Task description: Tally the lines below that contain the word "pixel". Only the total should be given.

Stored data
════════════════

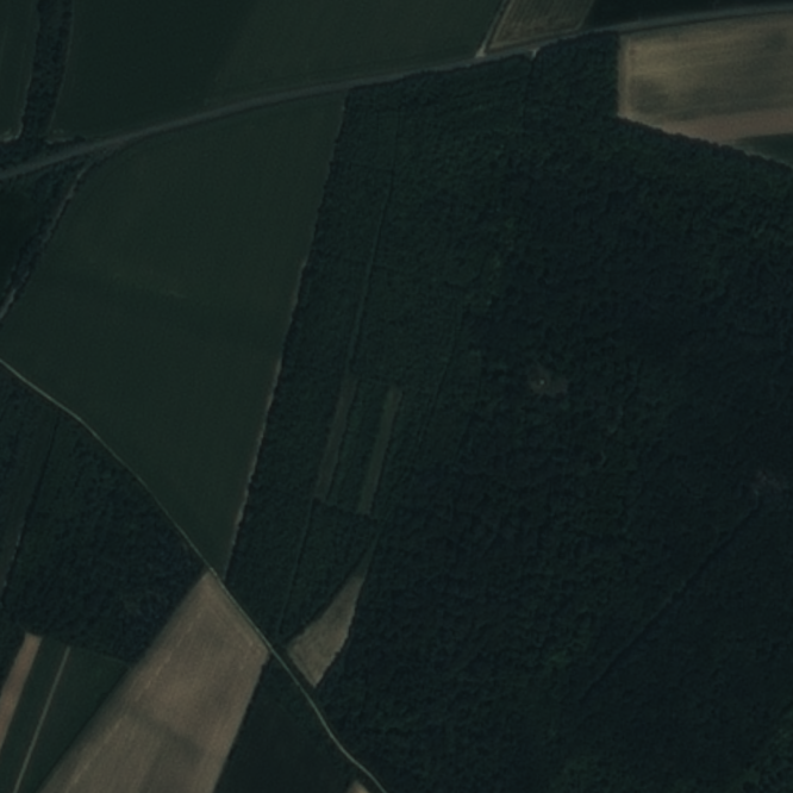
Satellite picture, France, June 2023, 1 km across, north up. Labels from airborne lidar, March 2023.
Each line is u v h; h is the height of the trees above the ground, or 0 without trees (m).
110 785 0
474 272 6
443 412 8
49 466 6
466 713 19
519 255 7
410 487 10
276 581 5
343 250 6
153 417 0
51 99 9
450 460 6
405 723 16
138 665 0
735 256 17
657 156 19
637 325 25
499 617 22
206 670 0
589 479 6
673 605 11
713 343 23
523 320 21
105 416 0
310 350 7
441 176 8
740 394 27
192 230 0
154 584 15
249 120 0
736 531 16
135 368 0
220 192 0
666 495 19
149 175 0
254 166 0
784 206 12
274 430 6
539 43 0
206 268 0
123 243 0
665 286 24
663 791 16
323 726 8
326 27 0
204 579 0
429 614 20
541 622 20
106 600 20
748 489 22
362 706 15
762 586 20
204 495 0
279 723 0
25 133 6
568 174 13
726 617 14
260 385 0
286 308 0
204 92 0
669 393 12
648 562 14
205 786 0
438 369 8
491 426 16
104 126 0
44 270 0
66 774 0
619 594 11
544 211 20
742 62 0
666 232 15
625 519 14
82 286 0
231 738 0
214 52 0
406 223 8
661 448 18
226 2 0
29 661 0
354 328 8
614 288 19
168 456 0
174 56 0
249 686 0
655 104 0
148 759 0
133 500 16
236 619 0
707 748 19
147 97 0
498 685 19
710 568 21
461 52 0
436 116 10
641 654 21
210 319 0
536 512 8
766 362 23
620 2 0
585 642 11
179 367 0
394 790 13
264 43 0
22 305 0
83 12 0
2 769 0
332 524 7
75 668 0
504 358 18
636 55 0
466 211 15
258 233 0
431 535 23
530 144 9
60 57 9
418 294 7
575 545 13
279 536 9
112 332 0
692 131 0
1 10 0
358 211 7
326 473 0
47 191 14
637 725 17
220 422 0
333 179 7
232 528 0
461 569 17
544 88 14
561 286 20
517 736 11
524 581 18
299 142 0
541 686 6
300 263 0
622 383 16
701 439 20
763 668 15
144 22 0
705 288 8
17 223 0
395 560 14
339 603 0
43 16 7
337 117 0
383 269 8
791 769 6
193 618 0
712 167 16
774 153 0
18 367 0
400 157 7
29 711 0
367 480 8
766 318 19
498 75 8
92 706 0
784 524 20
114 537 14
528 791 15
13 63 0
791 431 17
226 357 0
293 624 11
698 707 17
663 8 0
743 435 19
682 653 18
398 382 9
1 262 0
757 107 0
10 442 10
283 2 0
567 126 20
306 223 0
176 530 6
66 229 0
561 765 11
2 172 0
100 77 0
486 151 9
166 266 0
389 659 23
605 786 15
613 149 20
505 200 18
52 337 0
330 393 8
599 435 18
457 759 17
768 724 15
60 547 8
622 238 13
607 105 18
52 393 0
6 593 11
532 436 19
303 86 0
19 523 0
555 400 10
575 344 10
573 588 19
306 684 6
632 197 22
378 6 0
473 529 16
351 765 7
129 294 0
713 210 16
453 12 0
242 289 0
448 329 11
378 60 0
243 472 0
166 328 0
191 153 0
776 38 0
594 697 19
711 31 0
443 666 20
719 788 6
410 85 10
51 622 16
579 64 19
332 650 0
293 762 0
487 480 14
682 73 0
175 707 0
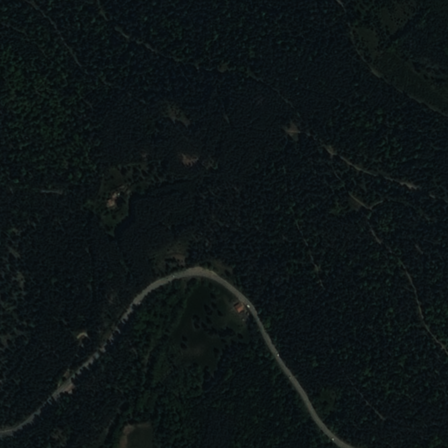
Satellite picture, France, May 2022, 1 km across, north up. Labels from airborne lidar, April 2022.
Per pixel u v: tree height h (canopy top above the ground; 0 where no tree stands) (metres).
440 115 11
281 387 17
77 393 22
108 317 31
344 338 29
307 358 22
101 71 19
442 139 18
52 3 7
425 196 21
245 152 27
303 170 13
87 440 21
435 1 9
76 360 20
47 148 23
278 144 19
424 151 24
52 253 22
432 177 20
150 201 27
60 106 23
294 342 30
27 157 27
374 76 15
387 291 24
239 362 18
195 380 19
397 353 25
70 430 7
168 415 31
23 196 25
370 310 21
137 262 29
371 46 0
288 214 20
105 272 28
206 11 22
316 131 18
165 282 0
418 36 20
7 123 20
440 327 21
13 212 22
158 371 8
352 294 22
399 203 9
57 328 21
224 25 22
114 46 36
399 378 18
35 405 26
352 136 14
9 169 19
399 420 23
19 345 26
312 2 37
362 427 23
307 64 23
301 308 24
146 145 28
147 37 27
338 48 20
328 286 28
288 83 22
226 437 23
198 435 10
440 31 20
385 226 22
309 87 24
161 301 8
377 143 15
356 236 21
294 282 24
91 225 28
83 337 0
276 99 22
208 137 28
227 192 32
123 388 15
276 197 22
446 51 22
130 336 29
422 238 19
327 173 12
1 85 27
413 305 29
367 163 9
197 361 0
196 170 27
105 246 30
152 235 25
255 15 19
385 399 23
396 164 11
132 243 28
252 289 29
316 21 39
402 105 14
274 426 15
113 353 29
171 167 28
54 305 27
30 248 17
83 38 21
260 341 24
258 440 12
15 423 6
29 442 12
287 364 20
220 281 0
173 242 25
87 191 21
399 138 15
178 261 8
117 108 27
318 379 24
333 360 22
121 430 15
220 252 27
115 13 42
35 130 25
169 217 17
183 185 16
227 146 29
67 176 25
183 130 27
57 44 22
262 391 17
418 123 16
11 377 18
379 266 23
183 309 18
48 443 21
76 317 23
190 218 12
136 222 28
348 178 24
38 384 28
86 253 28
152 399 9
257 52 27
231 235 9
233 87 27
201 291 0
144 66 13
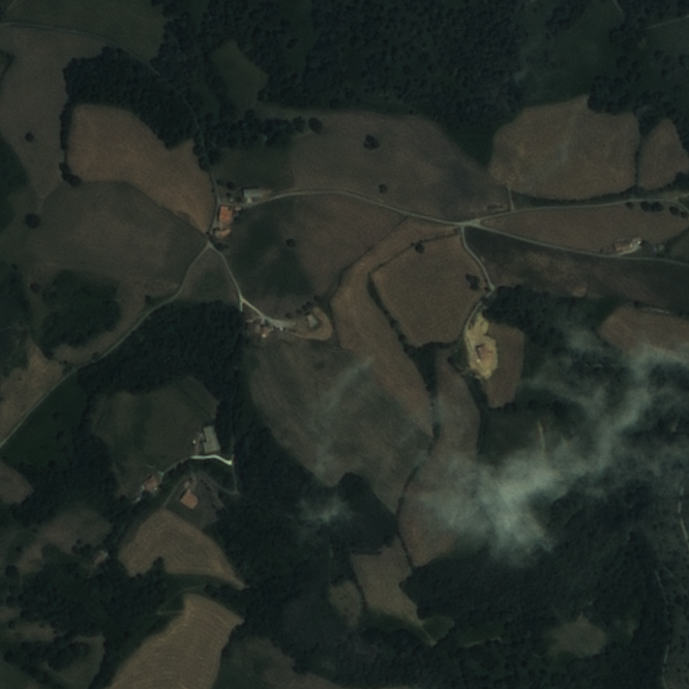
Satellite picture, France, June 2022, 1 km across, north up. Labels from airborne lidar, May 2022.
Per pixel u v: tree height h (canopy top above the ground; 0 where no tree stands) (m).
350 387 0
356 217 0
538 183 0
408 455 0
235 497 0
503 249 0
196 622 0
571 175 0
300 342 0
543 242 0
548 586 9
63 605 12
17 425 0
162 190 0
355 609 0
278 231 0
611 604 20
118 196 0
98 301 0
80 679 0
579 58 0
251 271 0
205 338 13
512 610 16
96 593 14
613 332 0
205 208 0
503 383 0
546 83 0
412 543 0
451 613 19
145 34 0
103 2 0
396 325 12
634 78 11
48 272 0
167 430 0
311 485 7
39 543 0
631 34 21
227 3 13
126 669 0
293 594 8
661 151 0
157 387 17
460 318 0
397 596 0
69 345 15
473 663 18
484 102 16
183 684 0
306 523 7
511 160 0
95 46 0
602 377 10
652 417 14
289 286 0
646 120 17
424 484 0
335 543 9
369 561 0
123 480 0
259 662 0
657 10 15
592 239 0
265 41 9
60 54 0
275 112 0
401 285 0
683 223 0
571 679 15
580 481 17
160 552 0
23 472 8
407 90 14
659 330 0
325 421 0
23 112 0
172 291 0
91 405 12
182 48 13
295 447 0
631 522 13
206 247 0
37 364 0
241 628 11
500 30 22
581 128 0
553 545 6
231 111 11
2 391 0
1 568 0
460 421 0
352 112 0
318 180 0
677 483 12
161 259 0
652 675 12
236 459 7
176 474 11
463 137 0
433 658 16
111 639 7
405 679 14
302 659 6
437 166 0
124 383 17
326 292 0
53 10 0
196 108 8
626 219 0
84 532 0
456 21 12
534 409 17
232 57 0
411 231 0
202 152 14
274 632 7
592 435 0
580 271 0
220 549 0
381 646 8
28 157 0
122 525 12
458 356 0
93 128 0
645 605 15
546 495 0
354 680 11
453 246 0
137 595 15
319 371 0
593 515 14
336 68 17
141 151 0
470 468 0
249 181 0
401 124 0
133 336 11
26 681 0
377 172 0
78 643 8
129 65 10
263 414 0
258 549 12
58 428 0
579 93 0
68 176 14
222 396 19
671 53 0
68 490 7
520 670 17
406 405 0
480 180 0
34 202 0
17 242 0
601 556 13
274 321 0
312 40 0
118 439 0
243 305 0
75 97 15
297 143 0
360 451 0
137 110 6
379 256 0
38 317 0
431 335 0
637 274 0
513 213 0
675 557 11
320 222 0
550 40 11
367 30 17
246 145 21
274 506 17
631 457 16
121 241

════════════════

Task solution: 2